Esse começo, principalmente os 6 primeiros versos caem como uma luva em minha vida.
(Eu e ela) temos os mesmos objetivos, nos completarmos, mas somos tão diferentes, ela toda certinha, calculista, não age por instinto. Eu, inteligente mas desleixado, não ligo para regras, não me importaria de mandar o presidente, o delegado, o papa, ou qualquer um que julgam “de respeito”, ir tomar no c*.

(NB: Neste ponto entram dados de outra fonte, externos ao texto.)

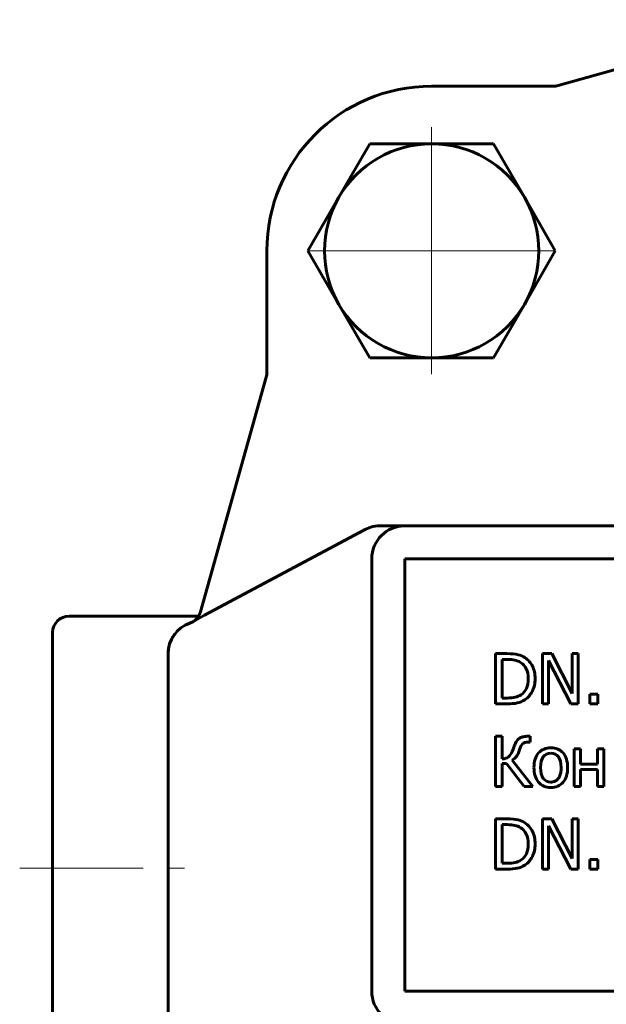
# Model space of a CAD drawing. Header units: millimetres. Extents: x 0 to 594, y 0 to 420.
# Tile 3 of 9: x 168 to 203, y 89 to 149. Entities that reach past the tile are written whole.
import ezdxf

# ---------------------------------------------------------------- set-up
doc = ezdxf.new("R2010")
doc.units = ezdxf.units.MM
doc.linetypes.add('K5LT_AXLED', pattern=[12, 7.5, -1.5, 1.5, -1.5])
doc.linetypes.add('K5LT_BASIC', pattern=[0])
doc.layers.add('Системный слой (1)', color=7, linetype='Continuous', true_color=0x6c6c6c)

# ---------------------------------------------------------------- blocks, each defined once
blk = doc.blocks.new('U30')
at = {"layer": 'Системный слой (1)', "color": 143, "linetype": 'K5LT_BASIC', "lineweight": 60, "true_color": 0x33acca}
for p, q in [((176.812, 109.718), (176.809, 109.714)), ((176.809, 109.714), (176.81, 109.716)), ((176.81, 109.716), (176.814, 109.724))]:
    blk.add_line(p, q, dxfattribs=at)
blk = doc.blocks.new('U35')
at = {"layer": 'Системный слой (1)', "color": 30, "linetype": 'K5LT_AXLED', "lineweight": 18, "true_color": 0xff8000}
for q in [(192.814, 143.037), (184.314, 134.537), (201.314, 134.537), (192.814, 126.037)]:
    blk.add_line((192.814, 134.537), q, dxfattribs=at)

msp = doc.modelspace()

# ---------------------------------------------------------------- linework, layer by layer
at = {"layer": 'Системный слой (1)', "color": 143, "linetype": 'K5LT_BASIC', "lineweight": 60, "true_color": 0x33acca}
for p, q in [((214.746, 148.574), (200.482, 144.574)), ((200.212, 144.537), (192.814, 144.537)), ((187.185, 137.787), (189.062, 141.037)), ((189.062, 141.037), (192.814, 141.037)), ((192.814, 141.037), (196.567, 141.037)), ((196.567, 141.037), (198.444, 137.787)), ((185.309, 134.537), (187.185, 137.787)), ((198.444, 137.787), (200.32, 134.537)), ((182.814, 134.537), (182.814, 127.14)), ((187.185, 131.287), (185.309, 134.537)), ((200.32, 134.537), (198.444, 131.287)), ((189.062, 128.037), (187.185, 131.287)), ((198.444, 131.287), (196.567, 128.037)), ((192.814, 128.037), (189.062, 128.037)), ((196.567, 128.037), (192.814, 128.037)), ((182.777, 126.87), (178.782, 112.621)), ((191.177, 117.832), (189.678, 117.832)), ((217.519, 117.832), (191.177, 117.832)), ((179.035, 112.407), (188.734, 117.596)), ((189.177, 115.832), (189.177, 89.57)), ((191.177, 115.832), (191.177, 89.57)), ((269.452, 115.832), (191.177, 115.832)), ((178.782, 112.621), (178.778, 112.605)), ((178.667, 112.353), (170.814, 112.353)), ((179.035, 112.407), (178.414, 112.075)), ((178.488, 112.114), (178.414, 112.075)), ((179.035, 112.407), (178.97, 112.372)), ((169.814, 111.353), (169.814, 82.722)), ((176.814, 110.047), (176.814, 84.027)), ((197.385, 110.076), (196.691, 110.076)), ((196.691, 110.076), (196.691, 107.028)), ((199.534, 110.076), (199.534, 107.028)), ((200.109, 110.076), (199.534, 110.076)), ((201.337, 107.662), (200.109, 110.076)), ((201.715, 110.076), (201.337, 110.076)), ((201.337, 110.076), (201.337, 107.662)), ((201.715, 107.028), (201.715, 110.076)), ((197.096, 109.725), (197.404, 109.725)), ((197.096, 107.378), (197.096, 109.725)), ((199.912, 109.656), (201.26, 107.028)), ((199.912, 107.028), (199.912, 109.656)), ((197.404, 107.378), (197.096, 107.378)), ((202.9, 107.61), (202.411, 107.61)), ((202.411, 107.61), (202.411, 107.028)), ((202.9, 107.028), (202.9, 107.61)), ((196.691, 107.028), (197.392, 107.028)), ((199.534, 107.028), (199.912, 107.028)), ((201.26, 107.028), (201.715, 107.028)), ((202.411, 107.028), (202.9, 107.028)), ((196.691, 105.057), (196.691, 102.009)), ((197.096, 105.057), (196.691, 105.057)), ((197.096, 103.684), (197.096, 105.057)), ((198.785, 105.057), (198.659, 105.057)), ((198.684, 104.696), (198.785, 104.696)), ((198.785, 104.696), (198.785, 105.057)), ((201.848, 104.296), (201.463, 104.296)), ((201.463, 104.296), (201.463, 102.009)), ((201.848, 103.37), (201.848, 104.296)), ((202.88, 104.296), (202.88, 103.37)), ((203.266, 104.296), (202.88, 104.296)), ((203.266, 102.009), (203.266, 104.296)), ((198.946, 102.009), (197.708, 103.612)), ((197.096, 102.009), (197.096, 103.407)), ((197.096, 103.407), (197.35, 103.407)), ((197.35, 103.407), (198.429, 102.009)), ((202.88, 103.37), (201.848, 103.37)), ((201.848, 102.009), (201.848, 103.039)), ((201.848, 103.039), (202.88, 103.039)), ((202.88, 103.039), (202.88, 102.009)), ((196.691, 102.009), (197.096, 102.009)), ((198.429, 102.009), (198.946, 102.009)), ((201.463, 102.009), (201.848, 102.009)), ((202.88, 102.009), (203.266, 102.009)), ((196.691, 100.039), (196.691, 96.991)), ((197.385, 100.039), (196.691, 100.039)), ((199.534, 100.039), (199.534, 96.991)), ((200.109, 100.039), (199.534, 100.039)), ((201.337, 97.625), (200.109, 100.039)), ((201.715, 100.039), (201.337, 100.039)), ((201.337, 100.039), (201.337, 97.625)), ((201.715, 96.991), (201.715, 100.039)), ((197.096, 99.688), (197.404, 99.688)), ((197.096, 97.341), (197.096, 99.688)), ((199.912, 96.991), (199.912, 99.619)), ((199.912, 99.619), (201.26, 96.991)), ((202.411, 97.574), (202.411, 96.991)), ((202.9, 97.574), (202.411, 97.574)), ((202.9, 96.991), (202.9, 97.574)), ((196.691, 96.991), (197.392, 96.991)), ((197.404, 97.341), (197.096, 97.341)), ((199.534, 96.991), (199.912, 96.991)), ((201.26, 96.991), (201.715, 96.991)), ((202.411, 96.991), (202.9, 96.991)), ((191.177, 89.57), (269.452, 89.57))]:
    msp.add_line(p, q, dxfattribs=at)
at = {"layer": 'Системный слой (1)', "color": 30, "linetype": 'K5LT_AXLED', "lineweight": 18, "true_color": 0xff8000}
msp.add_line((167.814, 97.037), (177.814, 97.037), dxfattribs=at)
at = {"layer": 'Системный слой (1)', "color": 143, "linetype": 'K5LT_BASIC', "lineweight": 60, "true_color": 0x33acca}
for centre, radius, start, end in [((192.814, 134.537), 10, 90, 180), ((200.212, 145.537), 1, 270, 285.66211), ((192.814, 134.537), 6.5, 90, 150), ((192.814, 134.537), 6.5, 30, 90), ((192.814, 134.537), 6.5, 150, 210), ((192.814, 134.537), 6.5, 330, 30), ((192.814, 134.537), 6.5, 210, 270), ((192.814, 134.537), 6.5, 270, 330), ((181.814, 127.14), 1, 344.33789, 0), ((189.678, 115.832), 2, 90, 106.29942), ((191.177, 115.832), 2, 90, 180), ((189.678, 115.832), 2, 106.29951, 118.14543), ((177.815, 112.875), 1, 306.83302, 344.33789), ((170.814, 111.353), 1, 90, 180), ((178.814, 110.047), 2, 109.45785, 180), ((178.814, 110.047), 2, 109.45785, 180), ((177.815, 112.875), 1, 289.45785, 306.83302), ((191.177, 89.57), 2, 180, 270)]:
    msp.add_arc(centre, radius, start, end, dxfattribs=at)
for points, knots in [([(177.222, 111.257), (177.172, 111.191), (177.126, 111.121), (177.043, 110.976), (177.005, 110.901), (176.94, 110.745), (176.912, 110.666), (176.887, 110.574), (176.883, 110.563), (176.875, 110.529), (176.869, 110.507), (176.86, 110.467), (176.856, 110.45), (176.85, 110.421), (176.848, 110.408), (176.843, 110.382), (176.841, 110.37), (176.837, 110.345), (176.836, 110.334), (176.831, 110.3), (176.828, 110.277), (176.821, 110.209), (176.817, 110.164), (176.815, 110.111), (176.815, 110.102), (176.815, 110.094)], [0, 0, 0, 0, 3.324109, 3.324109, 6.671927, 6.671927, 9.946669, 9.946669, 10.402841, 10.402841, 11.306496, 11.306496, 11.980976, 11.980976, 12.484403, 12.484403, 12.98783, 12.98783, 13.432022, 13.432022, 14.320406, 14.320406, 16.067558, 16.067558, 16.388853, 16.388853, 16.388853, 16.388853]), ([(198.476, 109.833), (198.361, 109.909), (198.222, 109.969), (197.896, 110.054), (197.671, 110.076), (197.385, 110.076)], [-0.1034505, -0.1034505, -0.1034505, -0.1034505, -0.0517252, -0.0517252, 0, 0, 0, 0]), ([(197.404, 109.725), (197.587, 109.725), (197.74, 109.71), (197.985, 109.653), (198.101, 109.606), (198.21, 109.542)], [-0.1264179, -0.1264179, -0.1264179, -0.1264179, -0.063209, -0.063209, 0, 0, 0, 0]), ([(198.21, 109.542), (198.363, 109.448), (198.478, 109.318), (198.633, 108.988), (198.672, 108.788), (198.672, 108.554)], [-0.1142864, -0.1142864, -0.1142864, -0.1142864, -0.0571432, -0.0571432, 0, 0, 0, 0]), ([(199.094, 108.549), (199.094, 108.845), (199.04, 109.101), (198.824, 109.531), (198.672, 109.703), (198.476, 109.833)], [-0.1182085, -0.1182085, -0.1182085, -0.1182085, -0.0591043, -0.0591043, 0, 0, 0, 0]), ([(198.672, 108.554), (198.672, 108.317), (198.636, 108.119), (198.495, 107.803), (198.388, 107.676), (198.247, 107.581)], [-0.1379205, -0.1379205, -0.1379205, -0.1379205, -0.0689602, -0.0689602, 0, 0, 0, 0]), ([(198.471, 107.272), (198.661, 107.397), (198.812, 107.572), (199.038, 108.02), (199.094, 108.271), (199.094, 108.549)], [-0.1393898, -0.1393898, -0.1393898, -0.1393898, -0.0696949, -0.0696949, 0, 0, 0, 0]), ([(197.392, 107.028), (197.639, 107.028), (197.842, 107.044), (198.16, 107.11), (198.317, 107.175), (198.471, 107.272)], [-0.07933053, -0.07933053, -0.07933053, -0.07933053, -0.03966526, -0.03966526, 0, 0, 0, 0]), ([(198.247, 107.581), (198.136, 107.503), (198.013, 107.45), (197.742, 107.393), (197.584, 107.378), (197.404, 107.378)], [-0.2300783, -0.2300783, -0.2300783, -0.2300783, -0.1150391, -0.1150391, 0, 0, 0, 0]), ([(198.659, 105.057), (198.57, 105.057), (198.479, 105.05), (198.318, 105.016), (198.246, 104.992), (198.124, 104.925), (198.063, 104.879), (197.92, 104.697), (197.861, 104.568), (197.817, 104.445)], [-0.1453519, -0.1453519, -0.1453519, -0.1453519, -0.1040465, -0.1040465, -0.0692999, -0.0692999, -0.0391952, -0.0391952, 0, 0, 0, 0]), ([(198.148, 104.23), (198.204, 104.411), (198.265, 104.534), (198.399, 104.664), (198.516, 104.696), (198.684, 104.696)], [-0.04726801, -0.04726801, -0.04726801, -0.04726801, -0.02363401, -0.02363401, 0, 0, 0, 0]), ([(197.703, 104.128), (197.646, 103.987), (197.57, 103.878), (197.382, 103.729), (197.255, 103.689), (197.096, 103.684)], [-0.0647623, -0.0647623, -0.0647623, -0.0647623, -0.03238115, -0.03238115, 0, 0, 0, 0]), ([(197.817, 104.445), (197.805, 104.405), (197.79, 104.358), (197.75, 104.247), (197.728, 104.189), (197.703, 104.128)], [-0.03224992, -0.03224992, -0.03224992, -0.03224992, -0.01612496, -0.01612496, 0, 0, 0, 0]), ([(197.708, 103.612), (197.807, 103.676), (197.891, 103.75), (198.029, 103.918), (198.092, 104.05), (198.148, 104.23)], [-0.1022459, -0.1022459, -0.1022459, -0.1022459, -0.051123, -0.051123, 0, 0, 0, 0]), ([(200.047, 104.361), (199.741, 104.361), (199.494, 104.255), (199.119, 103.832), (199.025, 103.535), (199.025, 103.153)], [-0.2358805, -0.2358805, -0.2358805, -0.2358805, -0.1179403, -0.1179403, 0, 0, 0, 0]), ([(201.067, 103.153), (201.067, 103.536), (200.975, 103.834), (200.604, 104.255), (200.357, 104.361), (200.047, 104.361)], [-0.1535857, -0.1535857, -0.1535857, -0.1535857, -0.0767928, -0.0767928, 0, 0, 0, 0]), ([(199.422, 103.153), (199.422, 103.449), (199.477, 103.669), (199.694, 103.958), (199.848, 104.03), (200.047, 104.03)], [-0.1202797, -0.1202797, -0.1202797, -0.1202797, -0.0601398, -0.0601398, 0, 0, 0, 0]), ([(200.047, 104.03), (200.247, 104.03), (200.4, 103.958), (200.616, 103.669), (200.67, 103.449), (200.67, 103.153)], [-0.1588055, -0.1588055, -0.1588055, -0.1588055, -0.0794027, -0.0794027, 0, 0, 0, 0]), ([(199.025, 103.153), (199.025, 102.781), (199.116, 102.486), (199.48, 102.053), (199.73, 101.945), (200.047, 101.945)], [-0.1459752, -0.1459752, -0.1459752, -0.1459752, -0.0729876, -0.0729876, 0, 0, 0, 0]), ([(200.047, 102.276), (199.848, 102.276), (199.694, 102.35), (199.477, 102.646), (199.422, 102.865), (199.422, 103.153)], [-0.1062565, -0.1062565, -0.1062565, -0.1062565, -0.0531282, -0.0531282, 0, 0, 0, 0]), ([(200.047, 101.945), (200.357, 101.945), (200.604, 102.05), (200.975, 102.47), (201.067, 102.767), (201.067, 103.153)], [-0.2441071, -0.2441071, -0.2441071, -0.2441071, -0.1220535, -0.1220535, 0, 0, 0, 0]), ([(200.67, 103.153), (200.67, 103.053), (200.664, 102.95), (200.632, 102.771), (200.611, 102.689), (200.536, 102.524), (200.489, 102.468), (200.402, 102.381), (200.347, 102.344), (200.209, 102.288), (200.128, 102.276), (200.047, 102.276)], [-0.09124758, -0.09124758, -0.09124758, -0.09124758, -0.07470957, -0.07470957, -0.06107005, -0.06107005, -0.04469174, -0.04469174, -0.02430788, -0.02430788, 0, 0, 0, 0]), ([(198.476, 99.797), (198.361, 99.872), (198.222, 99.932), (197.896, 100.017), (197.671, 100.039), (197.385, 100.039)], [-0.1034505, -0.1034505, -0.1034505, -0.1034505, -0.0517252, -0.0517252, 0, 0, 0, 0]), ([(197.404, 99.688), (197.587, 99.688), (197.74, 99.673), (197.985, 99.616), (198.101, 99.569), (198.21, 99.505)], [-0.1264179, -0.1264179, -0.1264179, -0.1264179, -0.063209, -0.063209, 0, 0, 0, 0]), ([(198.21, 99.505), (198.363, 99.411), (198.478, 99.282), (198.633, 98.951), (198.672, 98.751), (198.672, 98.517)], [-0.1142864, -0.1142864, -0.1142864, -0.1142864, -0.0571432, -0.0571432, 0, 0, 0, 0]), ([(199.094, 98.512), (199.094, 98.809), (199.04, 99.064), (198.824, 99.494), (198.672, 99.666), (198.476, 99.797)], [-0.1182085, -0.1182085, -0.1182085, -0.1182085, -0.0591043, -0.0591043, 0, 0, 0, 0]), ([(198.672, 98.517), (198.672, 98.28), (198.636, 98.082), (198.495, 97.766), (198.388, 97.639), (198.247, 97.544)], [-0.1379205, -0.1379205, -0.1379205, -0.1379205, -0.0689602, -0.0689602, 0, 0, 0, 0]), ([(198.471, 97.235), (198.661, 97.36), (198.812, 97.535), (199.038, 97.983), (199.094, 98.234), (199.094, 98.512)], [-0.1393898, -0.1393898, -0.1393898, -0.1393898, -0.0696949, -0.0696949, 0, 0, 0, 0]), ([(198.247, 97.544), (198.136, 97.467), (198.013, 97.413), (197.742, 97.356), (197.584, 97.341), (197.404, 97.341)], [-0.2300783, -0.2300783, -0.2300783, -0.2300783, -0.1150391, -0.1150391, 0, 0, 0, 0]), ([(197.392, 96.991), (197.639, 96.991), (197.842, 97.007), (198.16, 97.073), (198.317, 97.138), (198.471, 97.235)], [-0.07933053, -0.07933053, -0.07933053, -0.07933053, -0.03966526, -0.03966526, 0, 0, 0, 0])]:
    msp.add_open_spline(points, degree=3, knots=knots, dxfattribs=at)

# ---------------------------------------------------------------- block references
at = {"layer": 'Системный слой (1)'}
for name in ['U35', 'U30']:
    msp.add_blockref(name, (0, 0), dxfattribs=at)

doc.saveas('drawing.dxf')

Ela ao mesmo tempo que odeia isso em mim, adora, pois eu sou diferente da realidade dela, mostro pra ela que o mundo não é tão certinho, existem coisas ruins, se formos parar para falar “aiii tadinho do …” não viveríamos tempo suficiente para terminar de falar o “aiii”, existe muita hipocrisia, muita idiotisse, e injustiça (ou seria invingança) no mundo. Mas mostro pra ela que podemos ser felizes em uma “lata de lixo”. Sinto prazer em mostrar o mundo a ela. Em tirá-la daquele conto de fadas e colocá-la na realidade, em quebrar as regras com ela. Algo como Paraíso Proibido (Strike).
“Eu tenho aquele estilo que te deixa preocupada, à-toa
Desleixado na bike invocada
Mas não venha me dizer o que é melhor pra mim
A vida vai mostrando e sempre foi assim
Da escola fugi, na rua formei
Pronto pra te fazer com a malícia que eu herdei”
Não sou um vagaundo como o da música, mas meu estilo é bem skater boy, e sim, não me preocupo com melda nenhuma.